[Opening WORKING DATA section]

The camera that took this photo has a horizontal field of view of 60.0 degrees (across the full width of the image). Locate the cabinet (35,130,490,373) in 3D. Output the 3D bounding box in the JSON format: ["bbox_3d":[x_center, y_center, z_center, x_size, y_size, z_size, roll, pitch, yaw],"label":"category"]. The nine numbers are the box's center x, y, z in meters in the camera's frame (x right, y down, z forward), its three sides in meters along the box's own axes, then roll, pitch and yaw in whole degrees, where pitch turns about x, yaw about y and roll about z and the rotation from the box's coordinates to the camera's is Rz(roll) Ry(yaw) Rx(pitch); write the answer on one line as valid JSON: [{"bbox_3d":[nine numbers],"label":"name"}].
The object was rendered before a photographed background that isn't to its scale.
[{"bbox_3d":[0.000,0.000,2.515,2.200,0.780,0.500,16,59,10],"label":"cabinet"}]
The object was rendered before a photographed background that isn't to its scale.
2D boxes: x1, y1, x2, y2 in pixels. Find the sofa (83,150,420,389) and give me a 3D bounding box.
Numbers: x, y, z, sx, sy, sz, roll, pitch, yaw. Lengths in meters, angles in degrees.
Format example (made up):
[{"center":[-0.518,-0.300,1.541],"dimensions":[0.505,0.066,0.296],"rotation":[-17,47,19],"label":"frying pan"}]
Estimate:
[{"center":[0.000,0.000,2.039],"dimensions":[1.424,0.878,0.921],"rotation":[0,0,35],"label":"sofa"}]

[Closing WORKING DATA section]
[Opening WORKING DATA section]

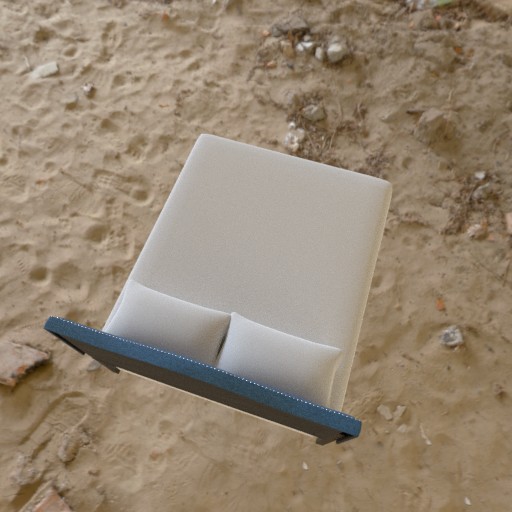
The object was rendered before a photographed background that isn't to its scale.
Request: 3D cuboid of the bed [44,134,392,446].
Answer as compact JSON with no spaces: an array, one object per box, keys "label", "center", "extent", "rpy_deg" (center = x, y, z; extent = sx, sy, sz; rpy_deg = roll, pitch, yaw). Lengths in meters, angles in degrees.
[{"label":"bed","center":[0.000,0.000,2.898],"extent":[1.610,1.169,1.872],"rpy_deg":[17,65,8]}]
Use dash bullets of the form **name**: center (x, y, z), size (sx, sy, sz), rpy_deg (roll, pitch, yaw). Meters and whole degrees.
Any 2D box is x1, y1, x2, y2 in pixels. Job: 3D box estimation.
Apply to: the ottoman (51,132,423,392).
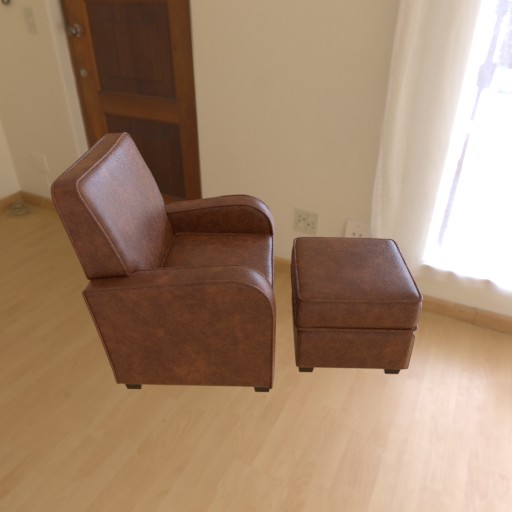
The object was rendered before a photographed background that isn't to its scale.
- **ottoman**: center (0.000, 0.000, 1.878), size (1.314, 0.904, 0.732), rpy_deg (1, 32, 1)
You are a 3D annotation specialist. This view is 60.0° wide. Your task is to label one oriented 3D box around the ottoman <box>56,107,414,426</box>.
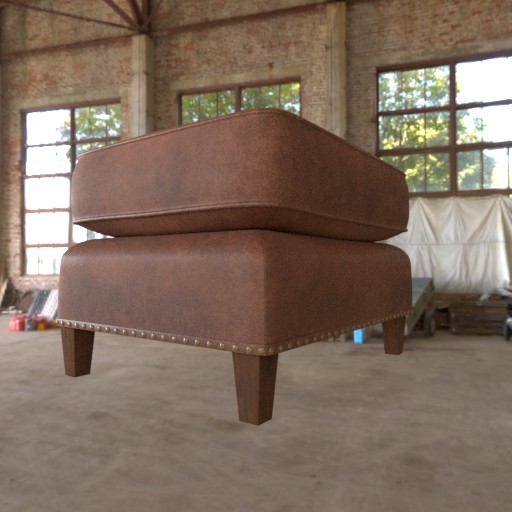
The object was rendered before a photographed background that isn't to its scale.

[Closing WORKING DATA section]

• WHAT IS EXPECTED: Of the entries above, transcribe exactly those lines that fall between the line containing "Use dash bullets" and the line containing "Apply to: the ottoman (51,132,423,392).", together with those two lines.

• OUTPUT FOR THIS TASK:
Use dash bullets of the form **name**: center (x, y, z), size (sx, sy, sz), rpy_deg (roll, pitch, yaw). Meters and whole degrees.
Any 2D box is x1, y1, x2, y2 in pixels. Job: 3D box estimation.
Apply to: the ottoman (51,132,423,392).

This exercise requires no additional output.